- Opening Delimiter -

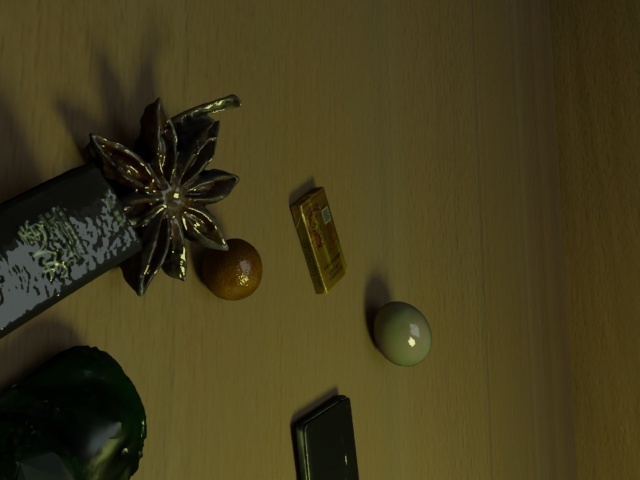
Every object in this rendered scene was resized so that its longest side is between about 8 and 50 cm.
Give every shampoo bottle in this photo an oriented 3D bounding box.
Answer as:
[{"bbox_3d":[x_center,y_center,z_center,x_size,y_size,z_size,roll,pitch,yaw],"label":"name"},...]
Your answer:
[{"bbox_3d":[-0.293,0.042,0.578,0.309,0.071,0.098,-38,112,-41],"label":"shampoo bottle"}]

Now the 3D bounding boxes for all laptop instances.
[{"bbox_3d":[0.015,0.364,1.117,0.154,0.026,0.207,-13,97,-60],"label":"laptop"}]

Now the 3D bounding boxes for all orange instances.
[{"bbox_3d":[-0.112,0.038,0.910,0.085,0.085,0.085,15,73,-58],"label":"orange"}]

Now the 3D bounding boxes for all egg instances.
[{"bbox_3d":[0.150,0.171,1.299,0.135,0.103,0.103,62,38,-33],"label":"egg"}]

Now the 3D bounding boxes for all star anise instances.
[{"bbox_3d":[-0.174,-0.063,0.808,0.230,0.081,0.263,40,64,-41],"label":"star anise"}]

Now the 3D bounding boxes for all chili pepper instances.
[{"bbox_3d":[-0.240,0.197,0.622,0.264,0.116,0.148,-35,112,-57],"label":"chili pepper"}]

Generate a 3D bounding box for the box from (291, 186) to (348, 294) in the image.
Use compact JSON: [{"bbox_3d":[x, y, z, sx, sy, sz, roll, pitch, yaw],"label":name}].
[{"bbox_3d":[0.000,0.000,1.153,0.089,0.022,0.156,-47,125,-54],"label":"box"}]

- Closing Delimiter -

Look through the entries above, and wherever a line holds the word "this", copy it.

Solution:
Every object in this rendered scene was resized so that its longest side is between about 8 and 50 cm.
Give every shampoo bottle in this photo an oriented 3D bounding box.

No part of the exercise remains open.